A Abin do governo Jair Bolsonaro tinha um guichê especial a serviço de quase todos os crimes atribuídos ao grupo do então presidente. Numa estrutura que não era nada “paralela”, servidores que davam expediente na agência ajudavam a turma a intimidar autoridades, fugir de investigações e atacar as eleições.
O trabalho de espionagem apareceu primeiro no varejo da delinquência política do governo. As apurações mostraram que um núcleo da Abin monitorava desafetos, como o então presidente da Câmara, Rodrigo Maia. Segundo o relatório da PF, a ordem neste caso partiu do chefe da agência, Alexandre Ramagem.
O mesmo departamento abastecia as chamadas milícias digitais, que atuavam para destratar a imprensa, pressionar o Congresso e constranger o STF, com o objetivo de tirá-los do caminho de Bolsonaro. Nunca é demais lembrar que Ramagem e seus auxiliares eram bancados com dinheiro público e controlavam um órgão de inteligência que deveria atuar a serviço do Estado.
Os arapongas não eram muito sofisticados. Às vezes, produziam provas contra si mesmos. A PF encontrou a gravação de uma reunião em que o presidente discute com auxiliares uma estratégia para blindar Flávio Bolsonaro nas investigações da “rachadinha”. O áudio, possivelmente registrado pelo próprio Ramagem, será usado no inquérito.
A investigação sugere também que os servidores alimentavam uma rede de informações falsas que interessavam a Bolsonaro.
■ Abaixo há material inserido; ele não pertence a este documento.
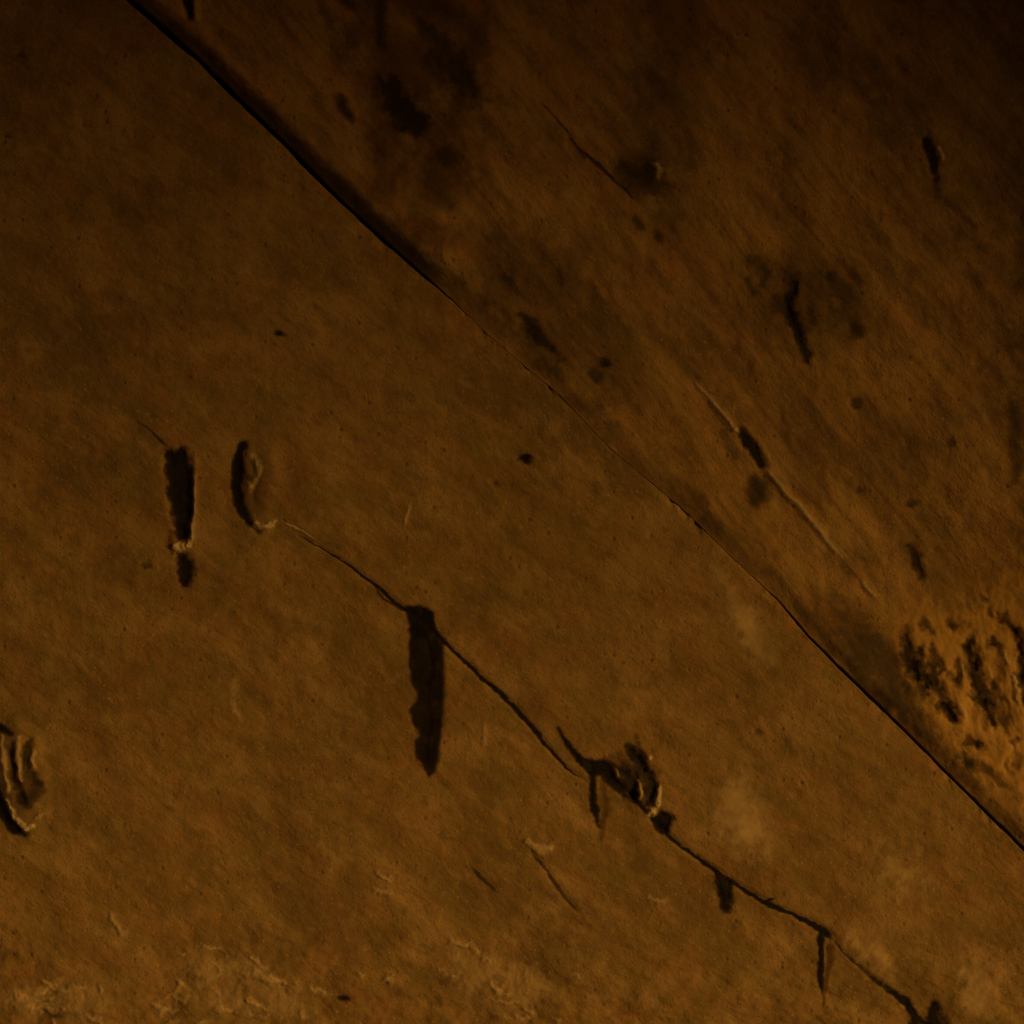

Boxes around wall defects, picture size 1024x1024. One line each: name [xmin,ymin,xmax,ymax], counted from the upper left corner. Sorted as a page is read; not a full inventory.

crack [542,103,660,239]
spalling [165,447,196,587]
crack [301,536,408,612]
crack [437,631,581,778]
peeling [900,573,1024,809]
spalling [558,727,672,840]
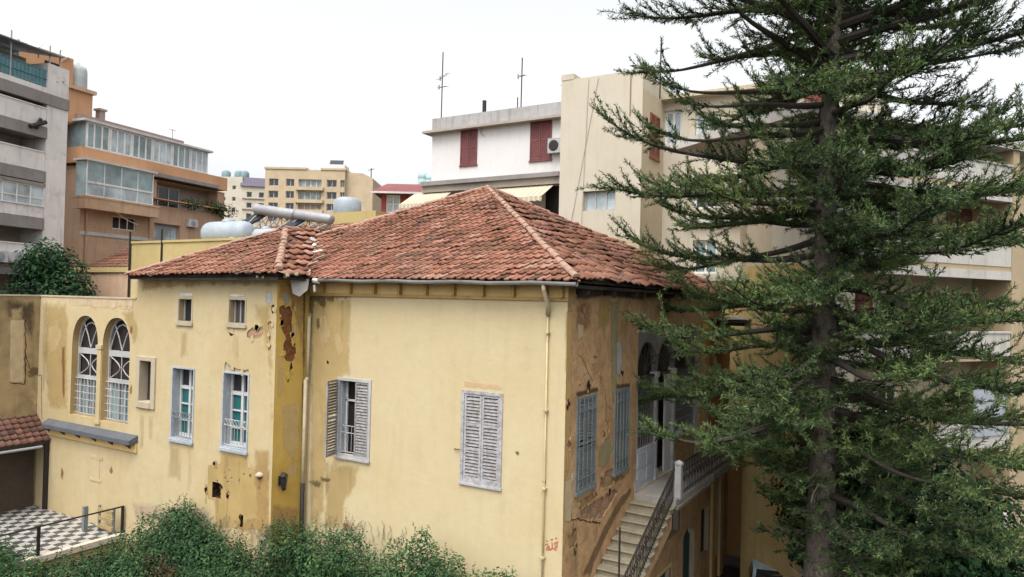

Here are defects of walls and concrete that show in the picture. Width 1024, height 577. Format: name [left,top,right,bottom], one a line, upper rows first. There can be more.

flaking render [247,293,298,382]
leakage [281,285,355,525]
spalling [204,461,260,499]
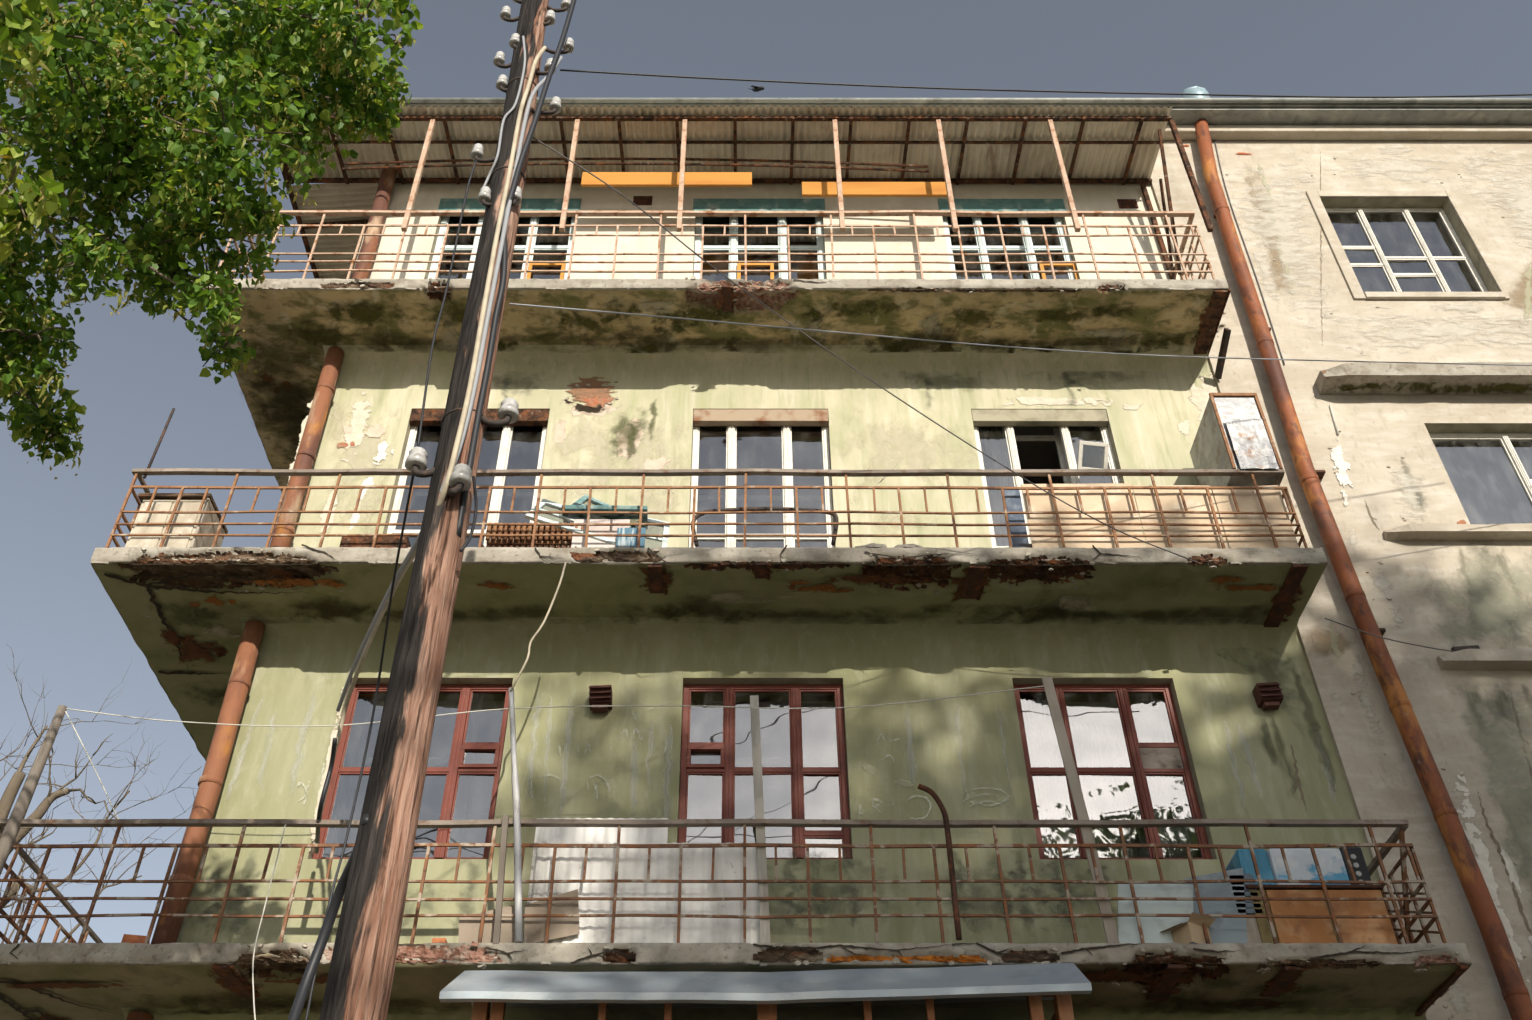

Eles abasteciam perfis que tentavam desestimular a vacinação contra a Covid e atacavam parlamentares responsáveis pela CPI que apurava a conduta do presidente na pandemia.
O guichê clandestino também trabalhou na tentativa de detonar as urnas eletrônicas para forçar a anulação das eleições e manter Bolsonaro no poder. Depois da derrota, segundo a PF, os arapongas ainda estimularam o fechamento de rodovias, como faísca para um golpe militar.
Na ficha dos espiões, só faltou dar uma força no caso das joias.